By end-1981, the CIAL had nearly 2,700 employees, total assets of 17 billion French francs, and a network of 160 branches in France and 5 abroad. It was nationalized in 1982 together with the rest of the French banking sector. In the subsequent reorganization, the CIAL's Swiss network, which had expanded to Lausanne in 1971 and Zurich in 1977, was taken over by the CIC, but the CIAL kept its stakes in the Banque de Luxembourg (72 percent) and in Deutsche Bank Saar (24 percent). In 1987, the CIAL recovered its former Swiss subsidiary from the CIC and further acquired Soginvest Banca in Lugano. In 1988, it formed a strategic partnership with Stuttgart-based Baden-Württembergische Bank. By the late 1980s, it had become the largest of the regional banks in the CIC network. In 1995, it contributed 44 percent of the total profits of the CIC Group.

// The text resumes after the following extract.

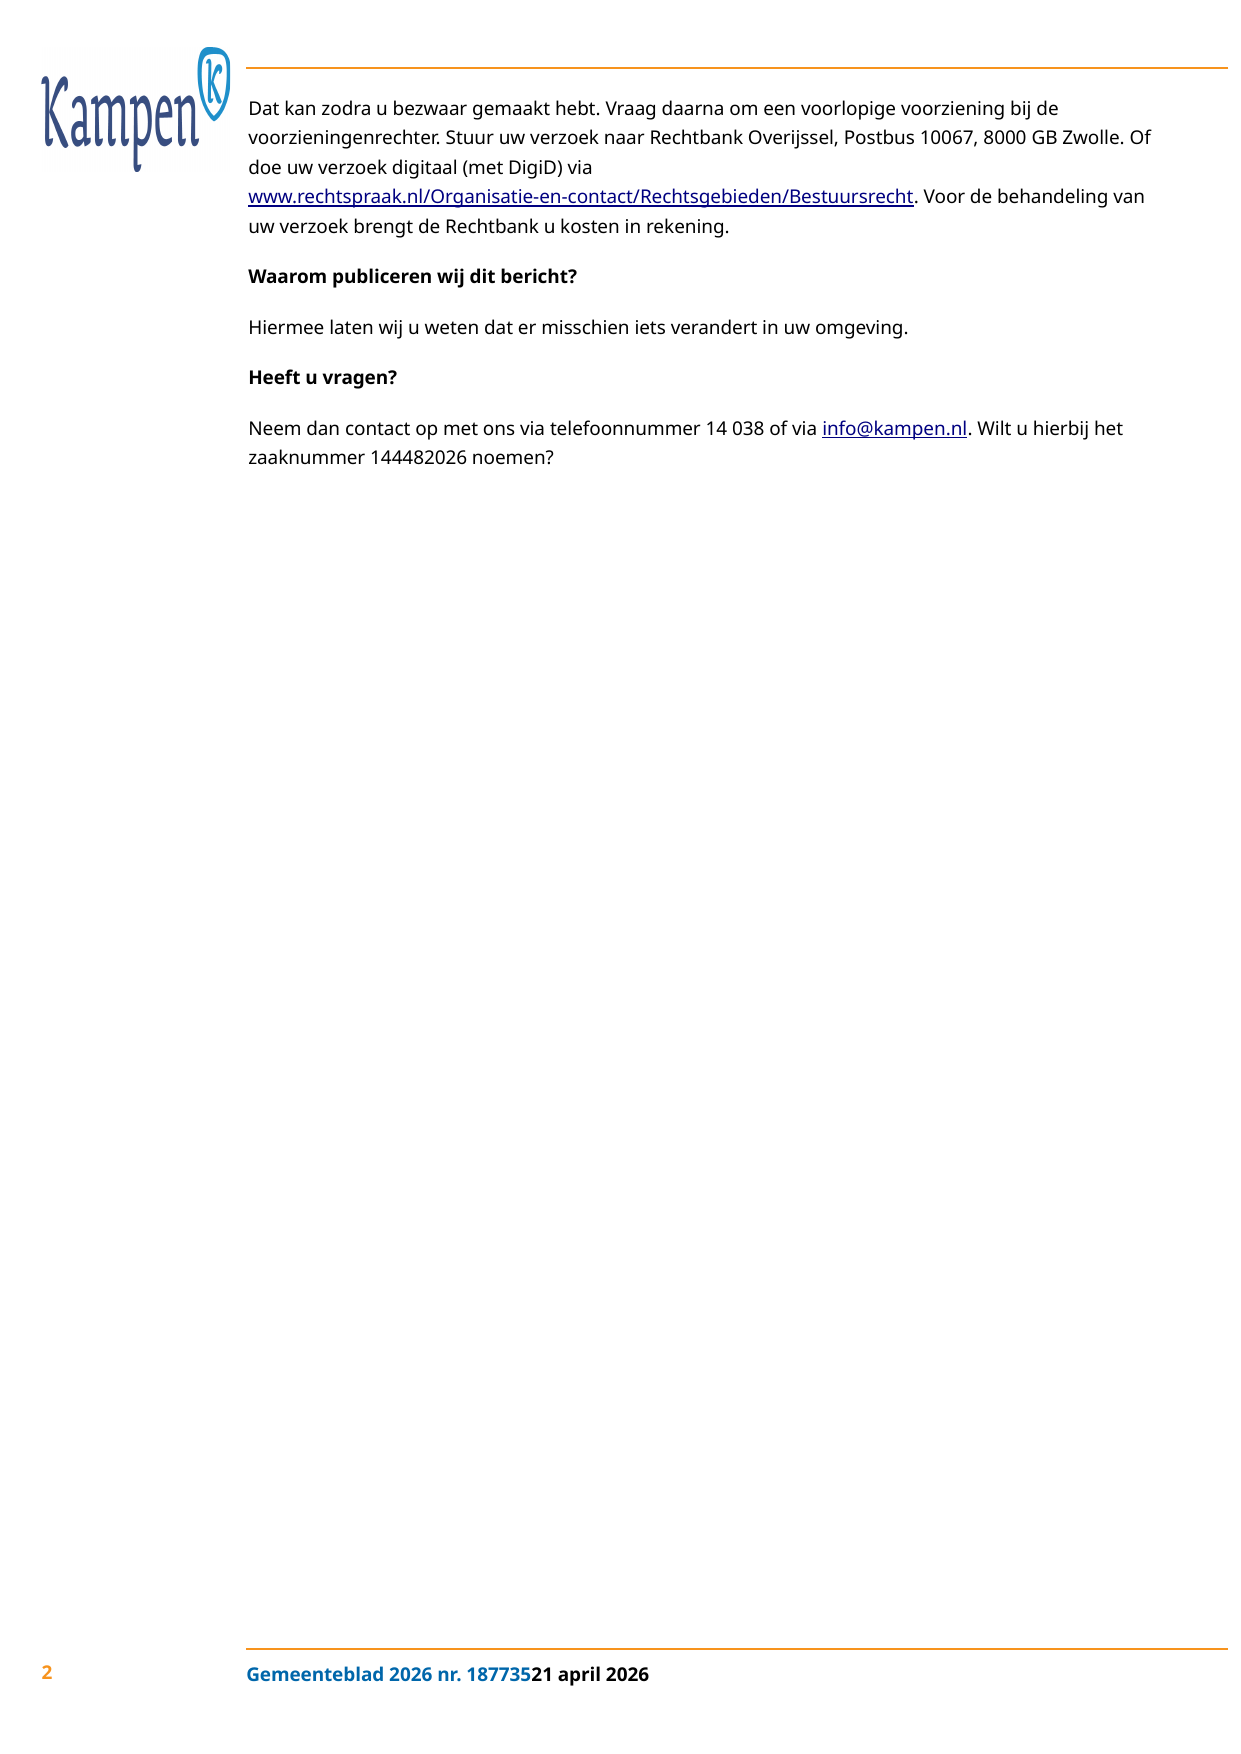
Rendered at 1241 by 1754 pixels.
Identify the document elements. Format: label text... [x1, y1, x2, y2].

In 1991, the Banque de Luxembourg took over the CIAL's own branch in Luxembourg, which had remained separate until then, and became the Grand-Duchy's fifth-largest bank by total assets. In the later 1990s, the CIAL sold its minority stake in Deutsche Bank Saar but expanded in Switzerland, where it acquired the former subsidiary of Banque de l'Union Européenne from CIC and became the largest French-owned bank in the country with 280 employees. By 1997, 42 percent of the CIAL's profits came from Luxembourg, 42 percent from France, and 26 percent from Switzerland.

==Absorption into CIC==
In 1998, the CIC was privatized and purchased by the CIAL's Strasbourg-based rival (and Wacken neighbor) the Crédit Mutuel Centre Est Europe, which undertook a rationalization of the CIC's network of semi-autonomous banks. In 2002, the Crédit Mutuel-owned CIC purchased Deutsche Bank's 29 percent stake in the Banque de Luxembourg and became its sole owner. In 2007, the CIC merged the CIAL with its other subsidiary based in Nancy, the Société Nancéienne Varin-Bernier (SNVB), to create a new regional entity named Banque CIC Est.